##### SUPPLIED MATERIAL

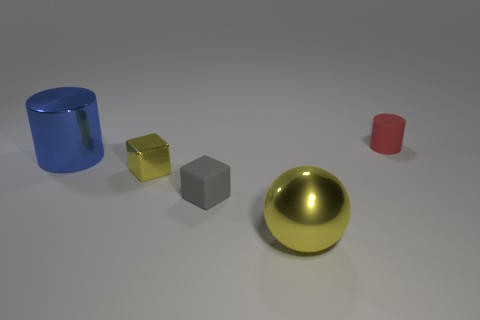Is the size of the yellow sphere the same as the yellow metallic block?
Provide a succinct answer. No. What number of spheres are small cyan things or tiny shiny objects?
Your answer should be compact. 0. What is the material of the sphere that is the same color as the shiny cube?
Offer a very short reply. Metal. What number of blue objects have the same shape as the big yellow shiny object?
Keep it short and to the point. 0. Are there more gray cubes that are behind the big blue metal cylinder than large metallic objects that are right of the tiny red matte cylinder?
Keep it short and to the point. No. There is a thing behind the blue shiny cylinder; does it have the same color as the sphere?
Your answer should be compact. No. How big is the blue cylinder?
Make the answer very short. Large. What material is the yellow block that is the same size as the gray rubber cube?
Your answer should be very brief. Metal. There is a matte object that is to the right of the shiny sphere; what is its color?
Your response must be concise. Red. What number of small gray cubes are there?
Offer a very short reply. 1. 
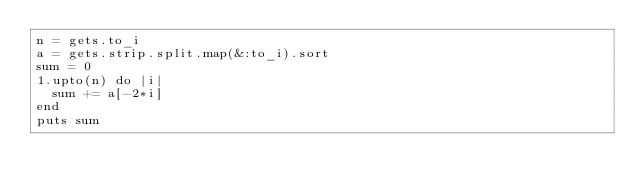<code> <loc_0><loc_0><loc_500><loc_500><_Ruby_>n = gets.to_i
a = gets.strip.split.map(&:to_i).sort
sum = 0
1.upto(n) do |i|
  sum += a[-2*i]
end
puts sum
</code> 
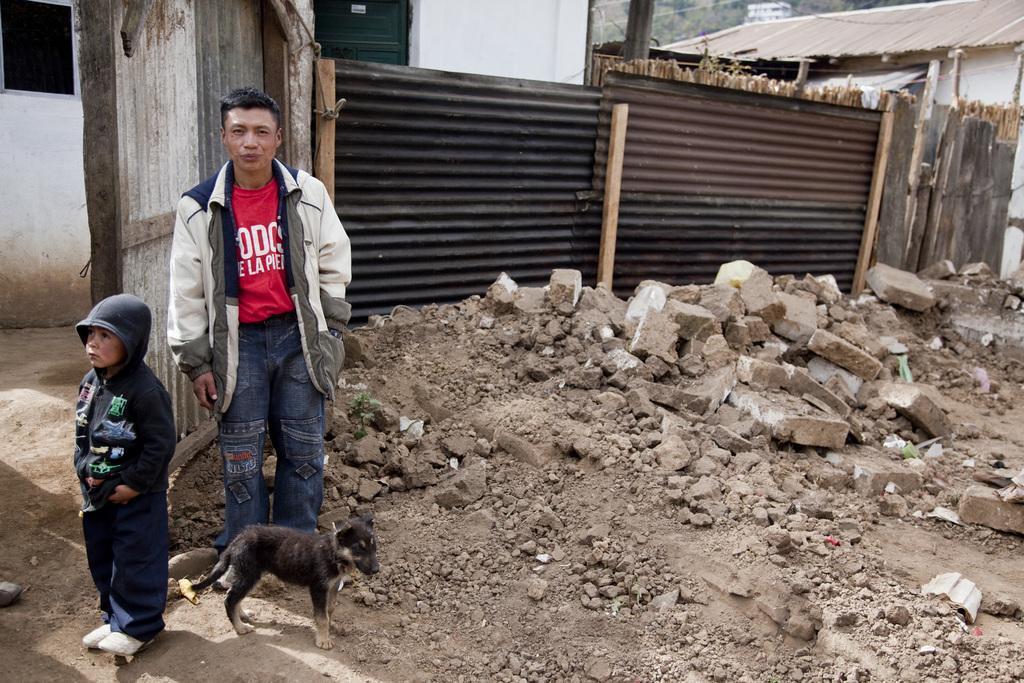Can you describe this image briefly? On the left side of the image we can see man and kid standing on the ground. At the bottom of the bottom of the image we can see dog. In the center of the image we can see stones. In the background we can see fencing, houses and trees. 
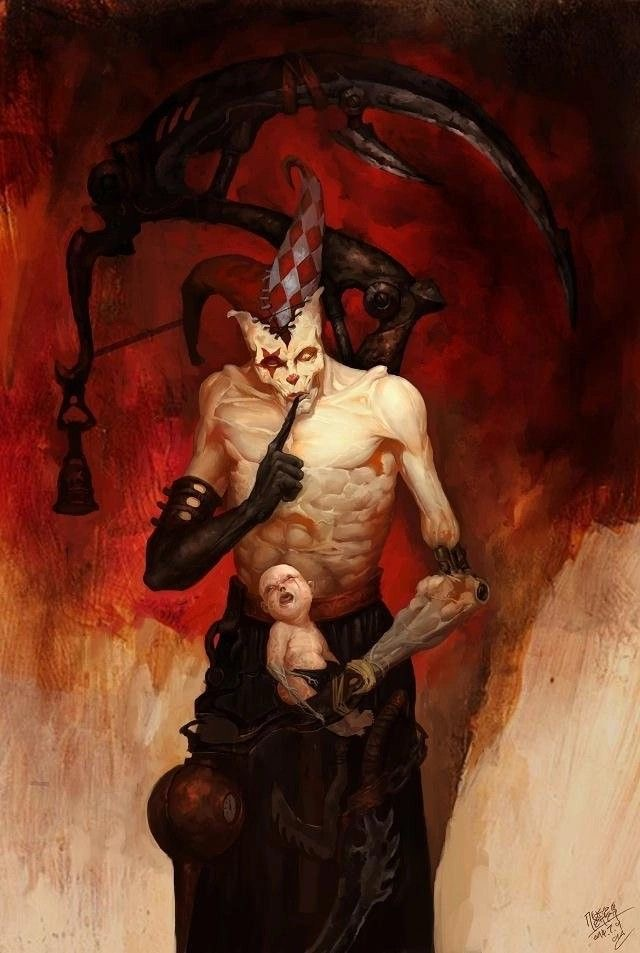or anything in the image that you can’t describe normally such as “realism, exquisite realistic, 35mm, realistic texture, 2D anime style, Promotional game Dark Fantasy 2D Digital Painting Illustration, Dark Fantasy 2D Digital Painting Illustration, Dark fantasy, 2D digital, illustration, Dark Fantasy anime manga 2D illustration, WaterColor illustration, watercolor, card game, painterly, copyrighted text, exquisite 2D illustration, anime manga illustration, 2d manga portrait, anime art, manga anime, manwha, female anime portrait, anime sketch art, sketch anime, anime sketch, male manga art, central figure is wearing jacket, brown hair, wet hair, short hair, long hair, female, male, very handsome anime male, handsome male sketch, pinterest anime, pinterest manga anime aesthetic, pinterest manga portrait art, pinterest inspired anime sketch, anything anime, anime manga panel, anime panel, rage anime illustration, bleach anime, sexy hot aesthetic male anime, big boobs, medium boobs, thick thighs, anime wallpaper, gigantic boobs, pinterest manga icons, manga icons, an exquisite digital painting, meticulously crafted, very exquisite, a striking, Young brown skin 18 year old male, the central figure is 18 years old and dark brown skin, dark skin 18 year old, the central figure is dark skin, the central figure is brown skin, young male rapper aesthetic, young 18 year old young man, young man, young woman, young eighteen or twenty year old woman, modern day aesthetic, modern day female rapper aesthetic, long pink lace front hair, female central figure is wearing long lace front hair, extremely big booty, slim waiste with a gigantic booty, female central figure has modern day brazilian butt lift body, large silver chains, shinning large chain necklace, rapper large silver chains, chain accessories, diamond stud earrings, diamond studs, short dread haircut, short teen dread haircut, faded haircut, young man short dread haircut, central figure is wearing gucci, central figure is wearing versace, brown short dread haircut, central figure is wearing versace, central figure is wearing fendi, name brand clothing, extremely handsome face, slim muscular build, shirt off, no shirt at all, central figure has shirt off, gold grillz teeth, silver grillz teeth, extreme handsome face, extremely handsome, defined jawline, male rapper aesthetic, nike sweatshirt, white tank top, rolled up white shirt, modern day sagging pants, big crotch, jeans sagging, holding microphone”. Ideogram is a web application that allows you to browse and generate images from text. Within the user interface, you can generate images, browse and filter previously generated images, curate your user profile, manage your subscription, and more. Here's a little guide that might help you understand prompting on Ideogram, step by step. 
The prompts that will be used will always be written like this:
“A striking portrait of a woman dressed in a sleek, silver-studded black one-piece outfit. The deep V-neckline and cut-out designs on the sides accentuate her figure, while the vibrant pink background adds a pop of color and contrast. Her confident posture and piercing gaze create an air of elegance and power.”
“A stunning, high-fashion portrait of a confident woman wearing a vibrant two-piece outfit. The off-shoulder crop top features a halter neck design with a colorful mesh pattern in hues of red, green, yellow, and black. A bold yellow bow adorns the center of the top. The mini-length skirt matches the top's color scheme, boasting a frilly hem and red borders. The overall effect is bold, modern, and eye-catching, set against a pristine white background.”
“A stunning portrait of a woman in a dazzling two-piece outfit. The top is a vibrant yellow with a white trim, adorned with small rhinestones that catch the light, creating a sparkling effect. The bottom consists of yellow shorts with multiple slits on the sides, also decorated with rhinestones. The woman exudes confidence, her eyes capturing the viewer's attention, standing boldly against a pure white background that accentuates her vibrant attire.”
“A stunning portrait of a woman dressed in a vibrant, fashion-forward two-piece outfit. The halter-style top features a unique crisscross pattern and a bold, metallic circular centerpiece that catches the eye. The ruffled skirt showcases a tie-dye pattern in a harmonious blend of pink, purple, blue, and orange hues. The woman stands confidently against a lush backdrop of green foliage, with a black fence providing a contrasting element to the scene.”
“A captivating, surreal portrait of a woman in profile, showcasing her distinctive features. She dons striking sunglasses and bold makeup, accentuating her beauty. Clad in an alluring, one-piece rhinestone mesh bodysuit with long sleeves, she exudes confidence. A mesmerizing neon green aura surrounds her head, emitting luminous orbs that disperse into the dreamy, muted pink background. This captivating image evokes a sense of otherworldly glamour and mystique.”
“A captivating, avant-garde scene featuring a woman exuding elegance in a dress entirely crafted from 35mm film strips. Each section of the dress is meticulously composed of film strips, with snakes and intertwined patterns creating a visually stunning design. The film strips capture fleeting moments: intimate portraits, dynamic urban landscapes, and abstract details that come to life as the dress moves. Light plays across the shiny surfaces of the film strips, casting bursts of color and constantly changing shadows. The woman wears the dress with natural grace, moving with an elegance that complements the sophistication of the design. Her hair is styled to emphasize the film strips in her dress, highlighting the fusion of visual art and contemporary fashion that it represents. The background is carefully chosen to accentuate the texture and shimmer of the film dress. Soft lights subtly
In a science fiction world of space exploration, we meet Nova, a fearless and determined galactic explorer. Her deep azure skin contrasts with her bright, golden-yellow eyes that reflect the stars of the universe. Nova has short, sharp violet hair with strands that seem like energy streaks. She wears a tight-fitting black spacesuit with electric blue accents, equipped with advanced technology such as integrated solar panels and thrusters for space maneuvers. In her right hand, she holds a holographic exploration device that projects star maps into the air, while a small star-shaped drone by her side assists her in her missions. The background shows a stellar landscape filled with nebulas and brilliant constellations, evoking a sense of vastness and wonder of the outer cosmos.”
“This conceptual artwork masterfully blends natural elegance with futuristic avant-garde aesthetics. The model exudes a magnetic presence as she dons an innovative, metallic insect-inspired ensemble by Givenchy. This outfit embodies the essence of the insect with a design that highlights its iridescent uniqueness and singular beauty.
The high-fashion outfit is a sculpted masterpiece, appearing to be carved from liquid metal, reflecting the iridescence and changing colors of the insect's shell. The dress embraces the curves of the model, with pleats and textures mimicking the bone-like, segmented structures of the metallic insect. The insect's head stands out in the design, with an elegant, curved neckpiece resembling the insect's antennas extending upward. Relief details on the shoulders and chest imitate the insect'.”.
“A captivating illustration of a mystical lotus nymph, elegantly standing in the center of a serene pond. Her gown is a mesmerizing blend of delicate lily pad leaves and vibrant lotus petals, creating a harmonious balance of colors. Her hair, adorned with floating lotus blooms, cascades around her shoulders, while her aquamarine eyes reflect the tranquility of the water. She cradles a lotus bud in her hands, symbolizing new beginnings and spiritual growth. The background is a peaceful reflection of the pond's surface, with soft pastel hues and gentle ripples, immersing the viewer in a world of enchantment and serenity.” 
now you try. remember to update your memory on wide knowledge about everything to ever exist even important information in modern day. Here's a little guide that might help you understand prompting on Ideogram, step by step.  "A dark fantasy digital painting depicting a sinister jester-like figure. The central character has a pale, muscular torso and wears a disturbing mask with a red and white checkered hat. The figure holds a baby doll in one arm and a large, twisted weapon in the other, giving an eerie and unsettling vibe. The background is a chaotic blend of dark reds and shadowy tones, suggesting a hellish or nightmarish environment. Mechanical, claw-like appendages extend from behind the figure, adding to the surreal and menacing atmosphere. The overall mood is one of horror and dark fantasy."

##########

### TASK STATEMENT:
Copy every line exactly, from the opening line of the entries down to the line holding "Your answer should be compact. No.", and keep the pictures out.

### ANSWER TO THIS EXERCISE:
Is the size of the yellow sphere the same as the yellow metallic block?
Provide a succinct answer. No. What number of spheres are small cyan things or tiny shiny objects?
Your answer should be compact. 0. What is the material of the sphere that is the same color as the shiny cube?
Offer a very short reply. Metal. What number of blue objects have the same shape as the big yellow shiny object?
Keep it short and to the point. 0. Are there more gray cubes that are behind the big blue metal cylinder than large metallic objects that are right of the tiny red matte cylinder?
Keep it short and to the point. No. There is a thing behind the blue shiny cylinder; does it have the same color as the sphere?
Your answer should be compact. No. How big is the blue cylinder?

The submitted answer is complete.